**Exercise details**
Your task is to count the lines of the records that contain "where". Answer with the number and nothing else.

**Data**
▬▬▬▬▬▬

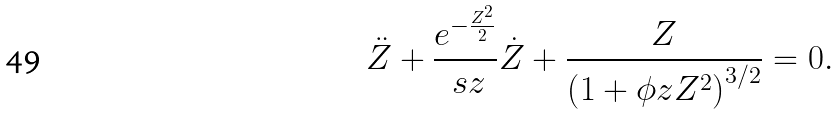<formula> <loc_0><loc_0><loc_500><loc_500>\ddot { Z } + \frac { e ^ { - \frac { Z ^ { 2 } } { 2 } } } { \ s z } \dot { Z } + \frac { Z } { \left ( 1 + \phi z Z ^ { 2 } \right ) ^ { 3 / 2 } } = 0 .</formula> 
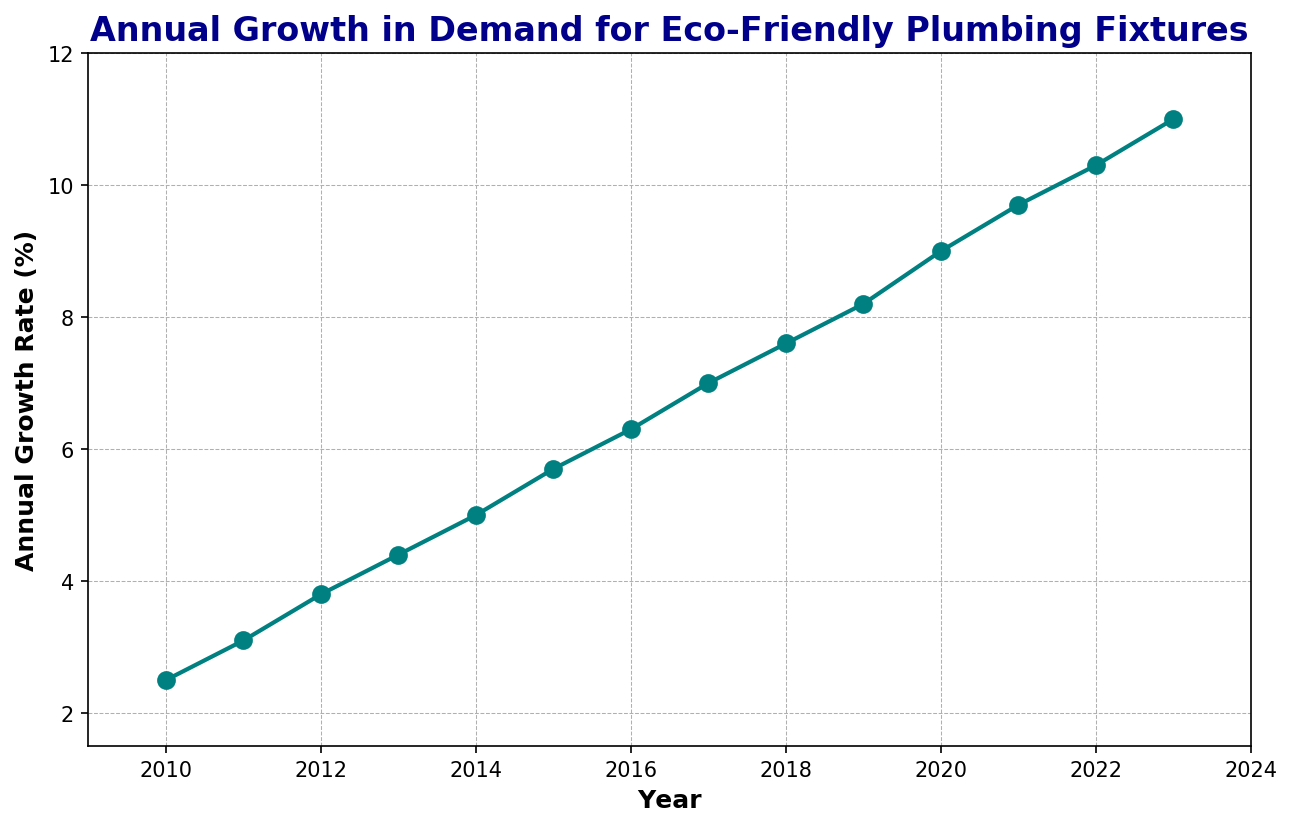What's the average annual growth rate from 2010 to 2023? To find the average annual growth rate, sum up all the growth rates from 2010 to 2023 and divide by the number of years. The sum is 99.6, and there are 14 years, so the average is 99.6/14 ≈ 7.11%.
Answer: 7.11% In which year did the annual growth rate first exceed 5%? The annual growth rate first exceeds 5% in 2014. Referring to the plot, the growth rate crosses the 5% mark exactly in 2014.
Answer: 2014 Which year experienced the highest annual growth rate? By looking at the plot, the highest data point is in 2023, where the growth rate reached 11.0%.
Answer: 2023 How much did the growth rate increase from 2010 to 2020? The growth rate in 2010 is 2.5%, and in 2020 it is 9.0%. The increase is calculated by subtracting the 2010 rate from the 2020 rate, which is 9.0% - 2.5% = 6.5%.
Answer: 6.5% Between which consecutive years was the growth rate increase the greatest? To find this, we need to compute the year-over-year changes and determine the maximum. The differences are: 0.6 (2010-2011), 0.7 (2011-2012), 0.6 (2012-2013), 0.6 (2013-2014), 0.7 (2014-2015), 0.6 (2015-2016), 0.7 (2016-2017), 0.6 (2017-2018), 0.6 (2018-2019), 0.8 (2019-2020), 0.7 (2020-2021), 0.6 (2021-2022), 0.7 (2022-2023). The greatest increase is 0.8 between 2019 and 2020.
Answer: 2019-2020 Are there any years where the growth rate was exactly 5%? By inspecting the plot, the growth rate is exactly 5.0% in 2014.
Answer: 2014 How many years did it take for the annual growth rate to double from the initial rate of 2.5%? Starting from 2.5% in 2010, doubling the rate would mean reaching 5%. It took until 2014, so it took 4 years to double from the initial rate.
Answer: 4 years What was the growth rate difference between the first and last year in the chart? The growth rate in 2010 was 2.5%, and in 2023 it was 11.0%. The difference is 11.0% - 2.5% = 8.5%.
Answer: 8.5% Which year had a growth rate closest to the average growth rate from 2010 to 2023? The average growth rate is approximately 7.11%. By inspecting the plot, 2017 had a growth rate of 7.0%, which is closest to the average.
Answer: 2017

▬▬▬▬▬▬

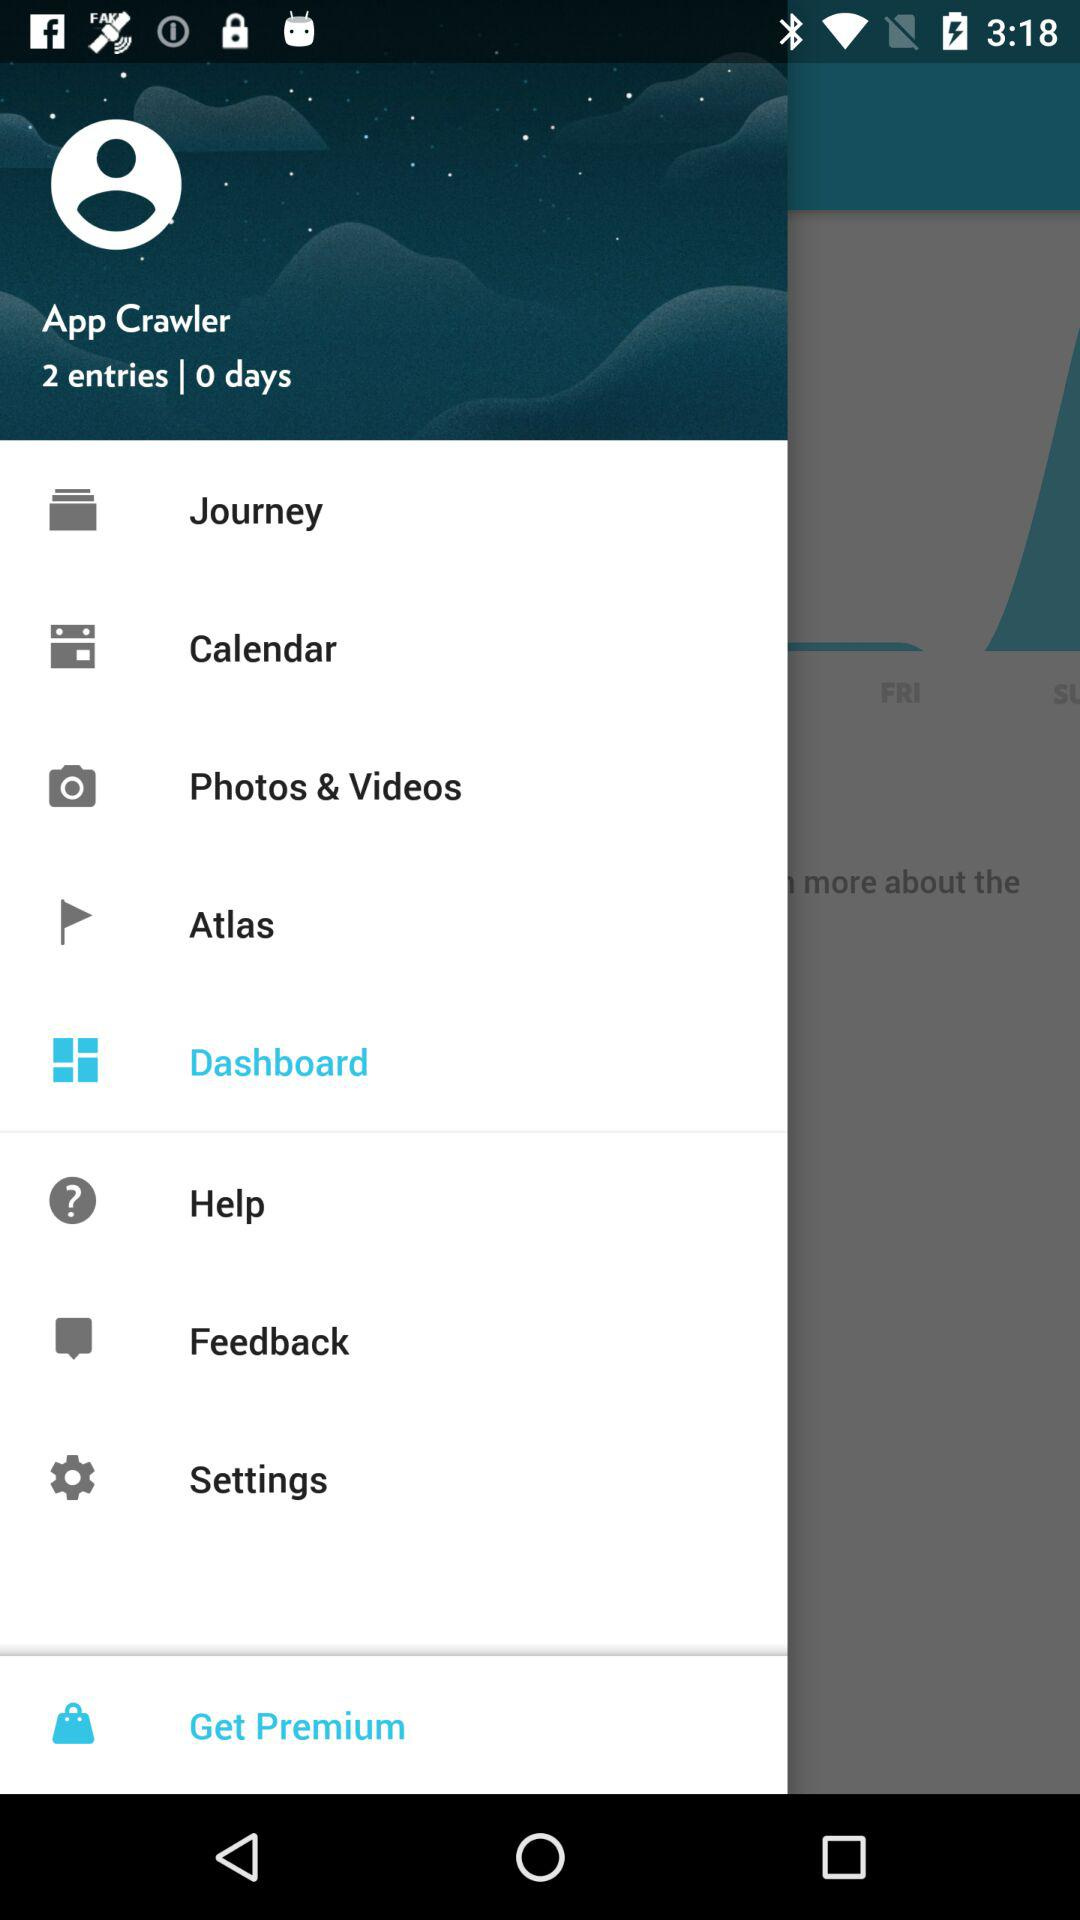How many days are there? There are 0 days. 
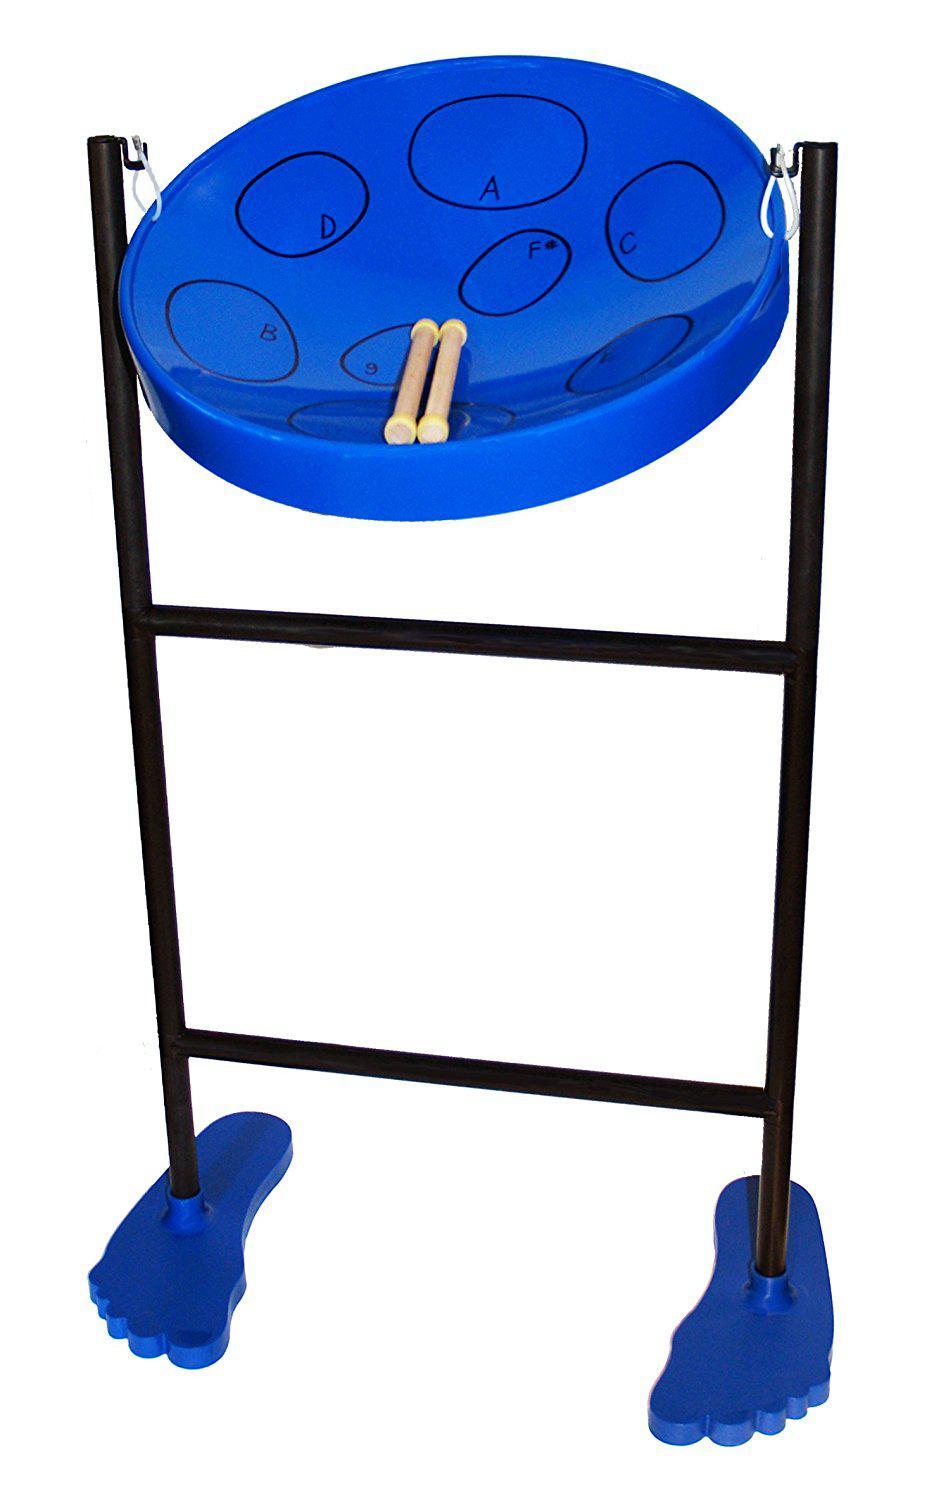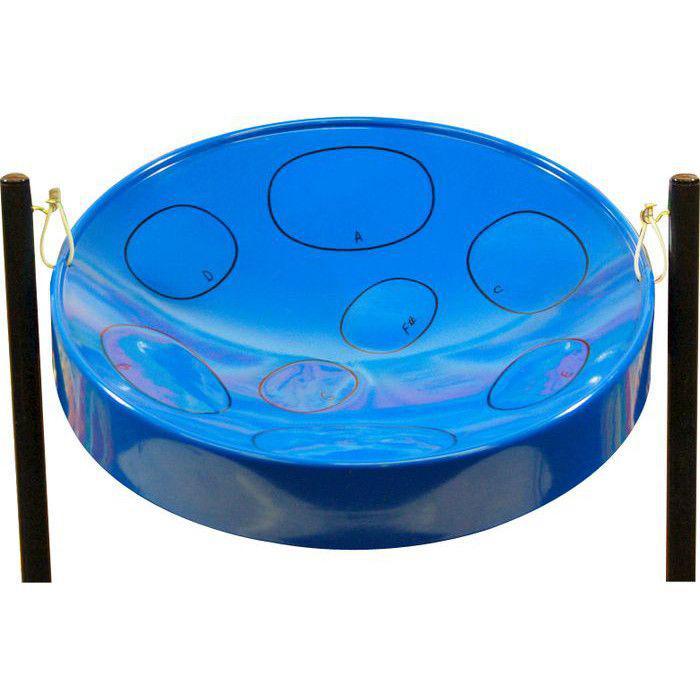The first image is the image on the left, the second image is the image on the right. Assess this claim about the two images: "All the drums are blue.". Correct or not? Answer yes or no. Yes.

▬▬▬▬▬▬

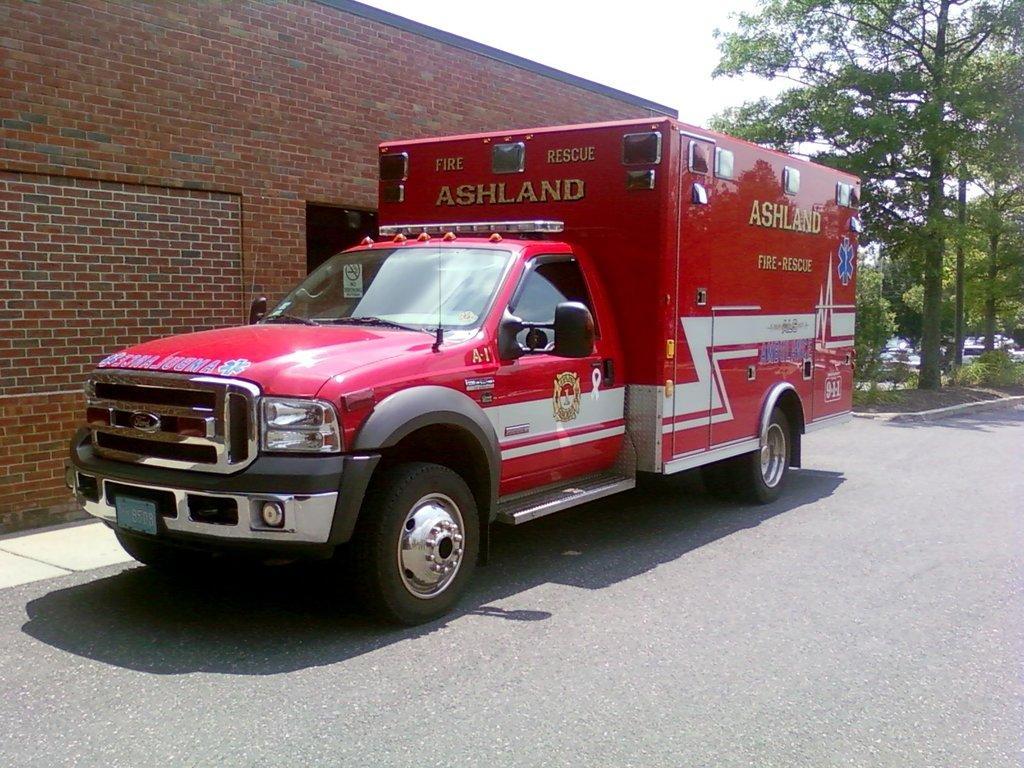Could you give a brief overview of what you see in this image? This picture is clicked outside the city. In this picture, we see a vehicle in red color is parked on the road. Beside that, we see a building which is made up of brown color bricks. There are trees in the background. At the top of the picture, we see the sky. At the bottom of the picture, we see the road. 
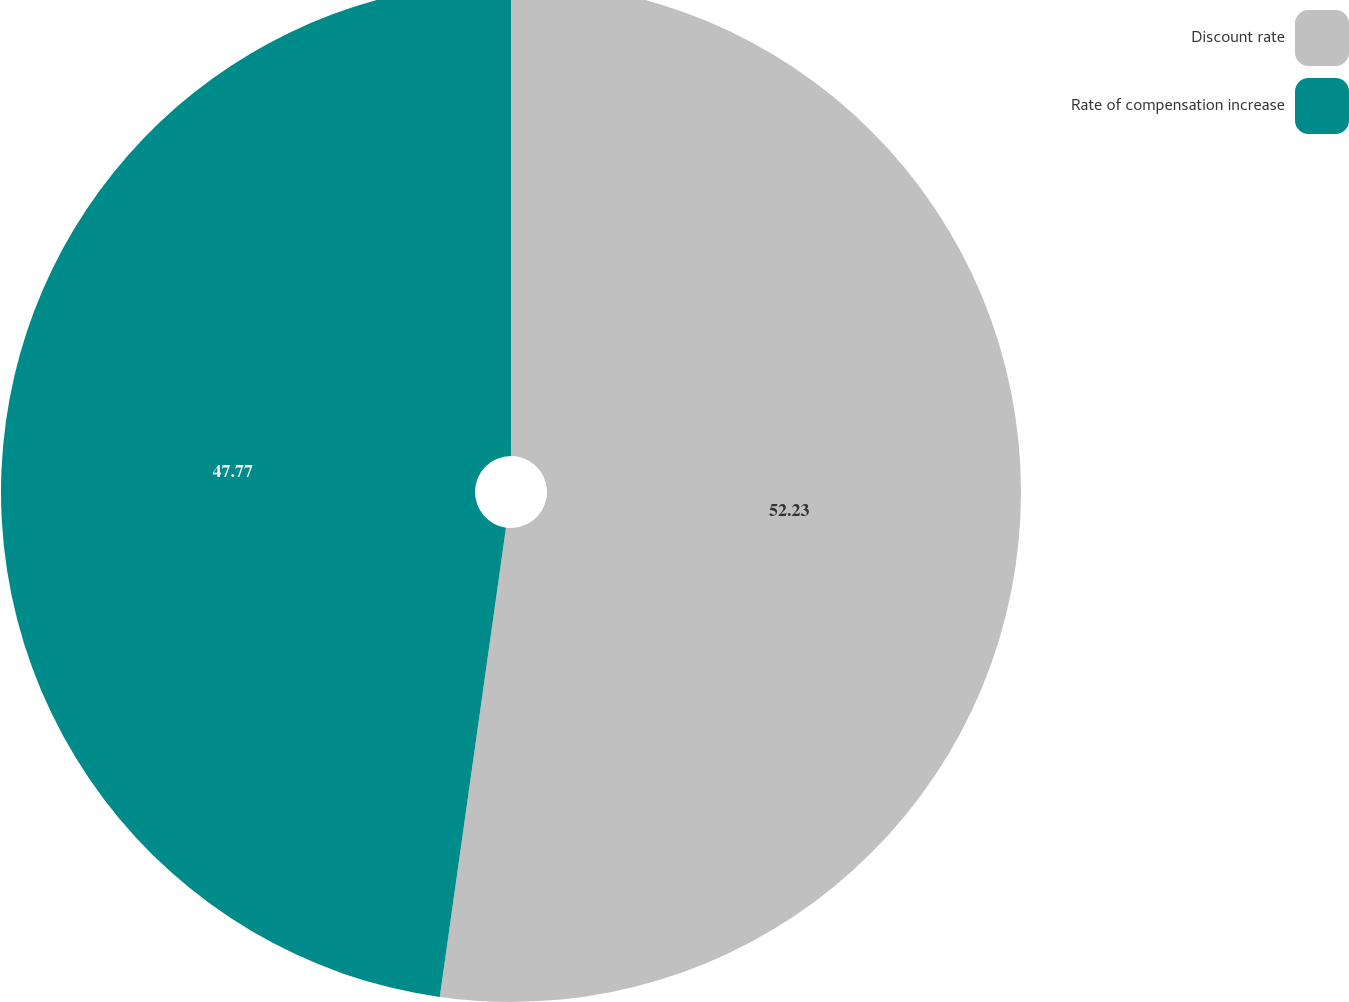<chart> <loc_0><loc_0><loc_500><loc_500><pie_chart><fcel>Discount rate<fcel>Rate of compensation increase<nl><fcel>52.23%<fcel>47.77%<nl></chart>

▬▬▬▬▬▬

**Task response**
2